For the most part, I think most everyone that I've seen on here will do well, after the initial adjustment period (in psychology, they said it was 28 days to get used to a MAJOR change, so if you can make it THAT long, you'll be alright), and once everyone gets settled in, the the TRADE begins! That's what I'm looking forward to, I plan on starting a nice little caravan up! 

And on the note of deodorent, I'm not so concerned about it. When YOU run out, chances are, everyone else will (probably) have run out as well!  So we can all be smelly together! tee hee hee

But yeah, making soap or trading for it is important, my wingman was over here tonight, and he reminded me that "dude, we gotta keep clean, like, real clean. Plague's a *****, man." So, if ya dont KNOW how to make lye soap, learn quick! It's not that hard (unless you're me! :dunno!


----------



## Emerald (Jun 14, 2010)

Diego2112- with lye soaps, let them AGE! I mean for at least 3 if not 6 months to a year and they will be less caustic on your skin. I buy and make and use many soaps made with lye and so far haven't had any problems. Not like some of the fancy body wash gels.
I buy several bars from a local guy who makes soap and then I wrap it in tissue or even waxed paper (loosely tho) and then store it in hubbies undie drawer and son's undie drawer and my own undie drawer- scents appropriate to gender of course! I try not to use them until they have aged and are hard! They melt less in the using also.


----------



## OldFashionedMama (Jun 18, 2009)

Clarice said:


> My husband and I have been gathering supplies for a couple of years now. We have a garden and chickens on less than 2 acres. I want to address the TP storage problem. My current solution is unscented baby wipes. You can buy the store brand boxes or refills and they are so much easier to store and not that expensive. Remember you don't need brand names.


Baby wipes cannot be flushed down the toilet, FYI. Not sure what they'd do in an outhouse.


----------



## Diego2112 (Aug 18, 2010)

Emerald-I'll give that a shot! I'm not sure if that's the issue though, or if it's what it's made from... So far, only soap I CAN use is Dove's socalled "Gentle Exfoliating" or somesuchsillyness like that. Everything else, I get a rash... Like I said, sensitive skin is a CURSE! lawl But yes, I WILL try that! Anything to get me one more step ahead!  Thanks much!



OldFashionedMama said:


> Baby wipes cannot be flushed down the toilet, FYI. Not sure what they'd do in an outhouse.
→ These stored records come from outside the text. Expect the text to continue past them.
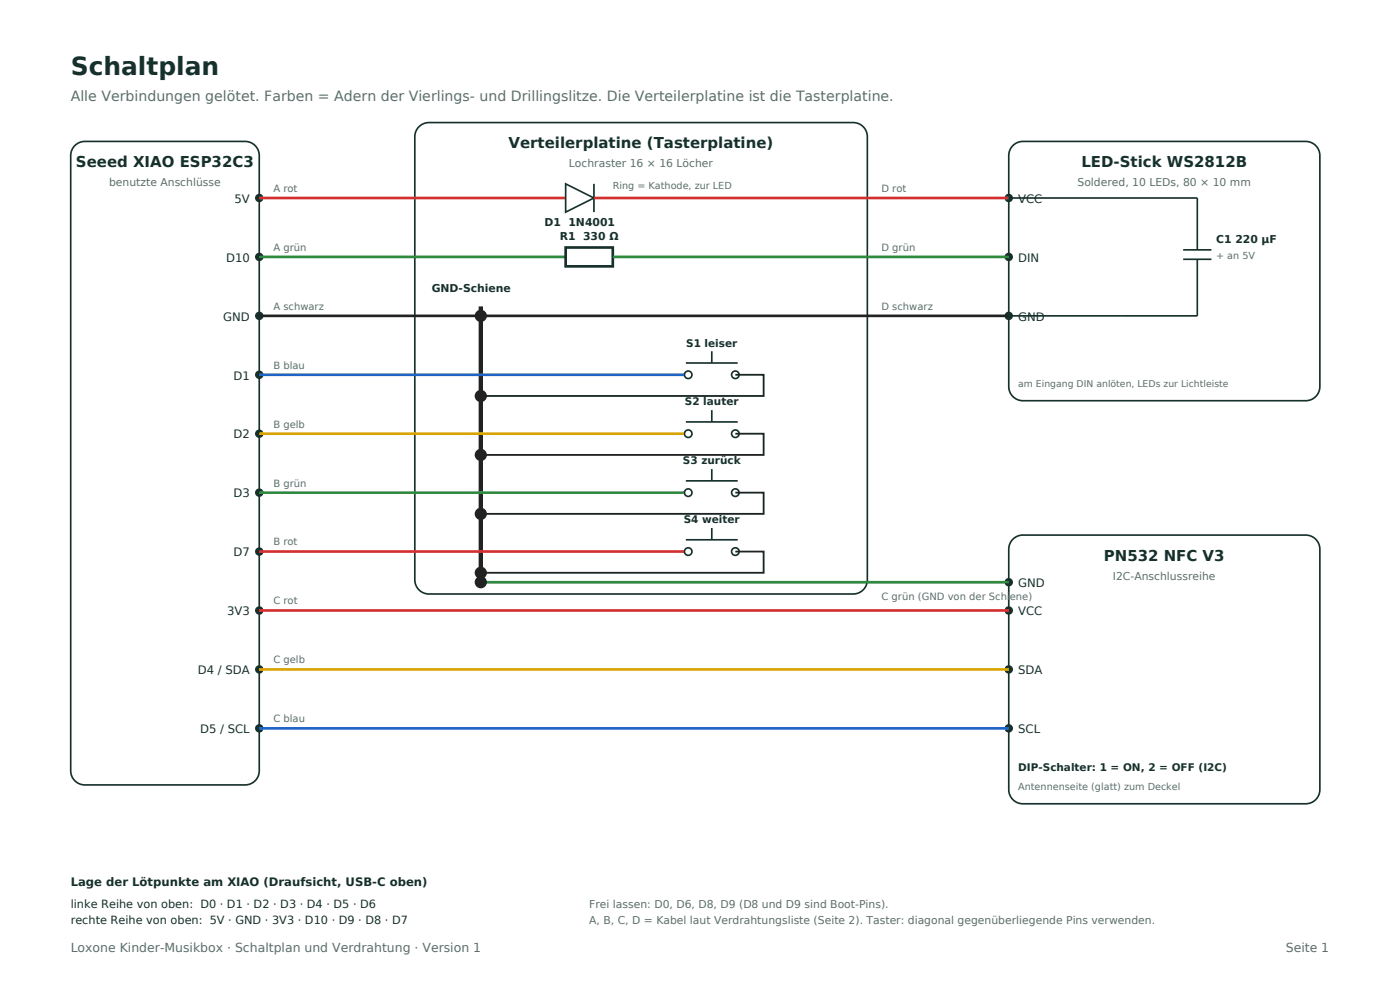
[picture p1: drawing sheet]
<svg xmlns="http://www.w3.org/2000/svg" width="297mm" height="210mm" viewBox="0 0 297 210" stroke-linecap="round" stroke-linejoin="round" font-family="sans-serif">
<defs><g id="words">
<text font-size="5.3" fill="#16302c" x="15" y="16">Schaltplan</text>
<g font-size="3.2" fill="#16302c">
<text x="16.1" y="35.5">Seeed XIAO ESP32C3</text>
<text x="107.9" y="31.5">Verteilerplatine (Tasterplatine)</text>
<text x="229.4" y="35.5">LED-Stick WS2812B</text>
<text x="234.2" y="119">PN532 NFC V3</text>
</g>
<text font-size="3" fill="#5b706c" x="15" y="21.5">Alle Verbindungen gelötet. Farben = Adern der Vierlings- und Drillingslitze. Die Verteilerplatine ist die Tasterplatine.</text>
<g font-size="2.6" fill="#5b706c">
<text x="15" y="202">Loxone Kinder-Musikbox · Schaltplan und Verdrahtung · Version 1</text>
<text x="272.8" y="202">Seite 1</text>
</g>
<g font-size="2.5" fill="#16302c">
<text x="49.7" y="43">5V</text>
<text x="216" y="43">VCC</text>
<text x="48" y="55.5">D10</text>
<text x="216" y="55.5">DIN</text>
<text x="47.3" y="68">GND</text>
<text x="216" y="68">GND</text>
<text x="49.5" y="80.5">D1</text>
<text x="49.5" y="93">D2</text>
<text x="49.5" y="105.5">D3</text>
<text x="49.5" y="118">D7</text>
<text x="216" y="124.5">GND</text>
<text x="48.2" y="130.5">3V3</text>
<text x="216" y="130.5">VCC</text>
<text x="42" y="143">D4 / SDA</text>
<text x="216" y="143">SDA</text>
<text x="42.5" y="155.5">D5 / SCL</text>
<text x="216" y="155.5">SCL</text>
<text x="15" y="188">Lage der Lötpunkte am XIAO (Draufsicht, USB-C oben)</text>
</g>
<g font-size="2.4" fill="#16302c">
<text x="15" y="192.5">linke Reihe von oben: D0 · D1 · D2 · D3 · D4 · D5 · D6</text>
<text x="15" y="196">rechte Reihe von oben: 5V · GND · 3V3 · D10 · D9 · D8 · D7</text>
</g>
<g font-size="2.3" fill="#5b706c">
<text x="120.7" y="35.5">Lochraster 16 × 16 Löcher</text>
<text x="23.1" y="39.5">benutzte Anschlüsse</text>
<text x="228.6" y="39.5">Soldered, 10 LEDs, 80 × 10 mm</text>
<text x="236.1" y="123">I2C-Anschlussreihe</text>
<text x="125" y="192.5">Frei lassen: D0, D6, D8, D9 (D8 und D9 sind Boot-Pins).</text>
<text x="125" y="196">A, B, C, D = Kabel laut Verdrahtungsliste (Seite 2). Taster: diagonal gegenüberliegende Pins verwenden.</text>
</g>
<g font-size="2.3" fill="#16302c">
<text x="115.5" y="48">D1 1N4001</text>
<text x="118.8" y="51">R1 330 Ω</text>
<text x="258" y="51.5">C1 220 µF</text>
<text x="91.6" y="62">GND-Schiene</text>
</g>
<g font-size="2.2" fill="#16302c">
<text x="145.6" y="73.5">S1 leiser</text>
<text x="145.3" y="86">S2 lauter</text>
<text x="144.9" y="98.5">S3 zurück</text>
<text x="145" y="111">S4 weiter</text>
<text x="216" y="163.5">DIP-Schalter: 1 = ON, 2 = OFF (I2C)</text>
</g>
<g font-size="2.1" fill="#5b706c">
<text x="58" y="40.7">A rot</text>
<text x="187" y="40.7">D rot</text>
<text x="58" y="53.2">A grün</text>
<text x="187" y="53.2">D grün</text>
<text x="58" y="65.7">A schwarz</text>
<text x="187" y="65.7">D schwarz</text>
<text x="58" y="78.2">B blau</text>
<text x="58" y="90.7">B gelb</text>
<text x="58" y="103.2">B grün</text>
<text x="58" y="115.7">B rot</text>
<text x="58" y="128.2">C rot</text>
<text x="187" y="127.3">C grün (GND von der Schiene)</text>
<text x="58" y="140.7">C gelb</text>
<text x="58" y="153.2">C blau</text>
</g>
<g font-size="2" fill="#5b706c">
<text x="130" y="40">Ring = Kathode, zur LED</text>
<text x="258" y="55">+ an 5V</text>
<text x="216" y="82">am Eingang DIN anlöten, LEDs zur Lichtleiste</text>
<text x="216" y="167.5">Antennenseite (glatt) zum Deckel</text>
</g>
</g></defs>
<path d="M15.7 31.1a2.99 2.99 0 0 1 2.3-1.1h34a3 3 0 0 1 3 3v130.5a3 3 0 0 1-3 3h-34a3 3 0 0 1-3-3v-130.5l.1-.7z" fill-rule="evenodd" fill="#fff" stroke="#16302c" stroke-width=".35"/>
<g fill="#16302c">
<circle cx="55" cy="42" r=".9"/>
<circle cx="55" cy="54.5" r=".9"/>
<circle cx="55" cy="67" r=".9"/>
<circle cx="55" cy="79.5" r=".9"/>
<circle cx="55" cy="92" r=".9"/>
<circle cx="55" cy="104.5" r=".9"/>
<circle cx="55" cy="117" r=".9"/>
<circle cx="55" cy="129.5" r=".9"/>
<circle cx="55" cy="142" r=".9"/>
<circle cx="55" cy="154.5" r=".9"/>
</g>
<path d="M88.7 27.1a2.99 2.99 0 0 1 2.3-1.1h90a3 3 0 0 1 3 3v94a3 3 0 0 1-3 3h-90a3 3 0 0 1-3-3v-94l.1-.7z" fill-rule="evenodd" fill="#fff" stroke="#16302c" stroke-width=".35"/>
<path d="M102 65v58.5" fill="none" stroke="#222" stroke-width=".92" stroke-linecap="butt"/>
<path d="M55 42h33M55 117h33" fill="none" stroke="#d32f2f" stroke-width=".56"/>
<path d="M55 54.5h33M55 104.5h33" fill="none" stroke="#2e8b3e" stroke-width=".56"/>
<path d="M55 67h47" fill="none" stroke="#222" stroke-width=".56"/>
<path d="M55 79.5h33" fill="none" stroke="#1e63c6" stroke-width=".56"/>
<path d="M55 92h33" fill="none" stroke="#d9a400" stroke-width=".56"/>
<circle cx="102" cy="67" r="1.3" fill="#222"/>
<path d="M88 42h32" fill="none" stroke="#d32f2f" stroke-width=".56"/>
<path d="M120 39l6 3-6 3z" fill="#fff" stroke="#16302c" stroke-width=".35"/>
<path d="M126 39v6" fill="none" stroke="#16302c" stroke-width=".35"/>
<path d="M126 42h58" fill="none" stroke="#d32f2f" stroke-width=".56"/>
<path d="M88 54.5h32" fill="none" stroke="#2e8b3e" stroke-width=".56"/>
<path d="M120 52.5h10v4h-10z" fill-rule="evenodd" fill="#fff" stroke="#16302c" stroke-width=".56"/>
<path d="M130 54.5h54" fill="none" stroke="#2e8b3e" stroke-width=".56"/>
<path d="M102 67h82" fill="none" stroke="#222" stroke-width=".56"/>
<path d="M88 79.5h58" fill="none" stroke="#1e63c6" stroke-width=".56"/>
<g fill="#fff" stroke="#16302c" stroke-width=".35">
<circle cx="146" cy="79.5" r=".8"/>
<circle cx="156" cy="79.5" r=".8"/>
</g>
<path d="M145.5 77h11M151 74.5v2.5" fill="none" stroke="#16302c" stroke-width=".35"/>
<path d="M156 79.5h6v4.5h-60" fill="none" stroke="#222" stroke-width=".39"/>
<circle cx="102" cy="84" r="1.3" fill="#222"/>
<path d="M88 92h58" fill="none" stroke="#d9a400" stroke-width=".56"/>
<g fill="#fff" stroke="#16302c" stroke-width=".35">
<circle cx="146" cy="92" r=".8"/>
<circle cx="156" cy="92" r=".8"/>
</g>
<path d="M145.5 89.5h11M151 87v2.5" fill="none" stroke="#16302c" stroke-width=".35"/>
<path d="M156 92h6v4.5h-60" fill="none" stroke="#222" stroke-width=".39"/>
<circle cx="102" cy="96.5" r="1.3" fill="#222"/>
<path d="M88 104.5h58" fill="none" stroke="#2e8b3e" stroke-width=".56"/>
<g fill="#fff" stroke="#16302c" stroke-width=".35">
<circle cx="146" cy="104.5" r=".8"/>
<circle cx="156" cy="104.5" r=".8"/>
</g>
<path d="M151 99.5v2.5M145.5 102h11" fill="none" stroke="#16302c" stroke-width=".35"/>
<path d="M156 104.5h6v4.5h-60" fill="none" stroke="#222" stroke-width=".39"/>
<circle cx="102" cy="109" r="1.3" fill="#222"/>
<path d="M88 117h58" fill="none" stroke="#d32f2f" stroke-width=".56"/>
<g fill="#fff" stroke="#16302c" stroke-width=".35">
<circle cx="146" cy="117" r=".8"/>
<circle cx="156" cy="117" r=".8"/>
</g>
<path d="M145.5 114.5h11M151 112v2.5" fill="none" stroke="#16302c" stroke-width=".35"/>
<path d="M156 117h6v4.5h-60" fill="none" stroke="#222" stroke-width=".39"/>
<circle cx="102" cy="121.5" r="1.3" fill="#222"/>
<path d="M215.1 30.7l1.2-.6 .7-.1h60a3 3 0 0 1 3 3v49a3 3 0 0 1-3 3h-60a3 3 0 0 1-3-3v-49a2.99 2.99 0 0 1 1.1-2.3z" fill-rule="evenodd" fill="#fff" stroke="#16302c" stroke-width=".35"/>
<circle cx="214" cy="42" r=".9" fill="#16302c"/>
<path d="M184 42h30" fill="none" stroke="#d32f2f" stroke-width=".56"/>
<circle cx="214" cy="54.5" r=".9" fill="#16302c"/>
<path d="M184 54.5h30" fill="none" stroke="#2e8b3e" stroke-width=".56"/>
<circle cx="214" cy="67" r=".9" fill="#16302c"/>
<path d="M184 67h30" fill="none" stroke="#222" stroke-width=".56"/>
<path d="M214 42h40v11M251 53h6M251 55h6M254 55v12h-40" fill="none" stroke="#16302c" stroke-width=".35"/>
<path d="M215.1 114.2l1.2-.6 .7-.1h60a3 3 0 0 1 3 3v51a3 3 0 0 1-3 3h-60a3 3 0 0 1-3-3v-51a2.99 2.99 0 0 1 1.1-2.3z" fill-rule="evenodd" fill="#fff" stroke="#16302c" stroke-width=".35"/>
<g fill="#16302c">
<circle cx="214" cy="123.5" r=".9"/>
<circle cx="214" cy="129.5" r=".9"/>
<circle cx="214" cy="142" r=".9"/>
<circle cx="214" cy="154.5" r=".9"/>
</g>
<path d="M55 129.5h159" fill="none" stroke="#d32f2f" stroke-width=".56"/>
<path d="M55 142h159" fill="none" stroke="#d9a400" stroke-width=".56"/>
<path d="M55 154.5h159" fill="none" stroke="#1e63c6" stroke-width=".56"/>
<path d="M102 123.5h112" fill="none" stroke="#2e8b3e" stroke-width=".56"/>
<circle cx="102" cy="123.5" r="1.3" fill="#222"/>
<use href="#words"/>
</svg>

They SHOULD degrade over time... They cant be FLUSHED because they get caught in the pipes and clog your lines (had a friend learn this the HARD way), so one would ASSUME they'd be alright going straight down a hole to just sit there.

Another option: I was reading up on medieval weapons and warfare, one of the topics covered was the construction of castles. They'd use straw (wheat/rye/oat) as TP. Just throwin' that out there!


----------



## Emerald (Jun 14, 2010)

Back in the OLD Castle days they also would use a stick to just "scrape" the poo away! Communal sticks also--how icky is that!


----------



## sailaway (Mar 12, 2009)

CORN COBB!?


----------



## hank2222 (Jul 11, 2010)

i stock up the following items for keeping my body clean and my place clean after the event

here is my personal list for shtf liveing after the first year ..

gromming supplies

bath soap
head shaveing soap in bar form
regular shaveing soap in bar form
shaveing brush 
razor blades
underarm deodant stones
toothbrushs
denture brushs
denture tablets
toothpaste powder supplies to make my own toothpaste 

then this more personal for me to stock up on for the two year of the event..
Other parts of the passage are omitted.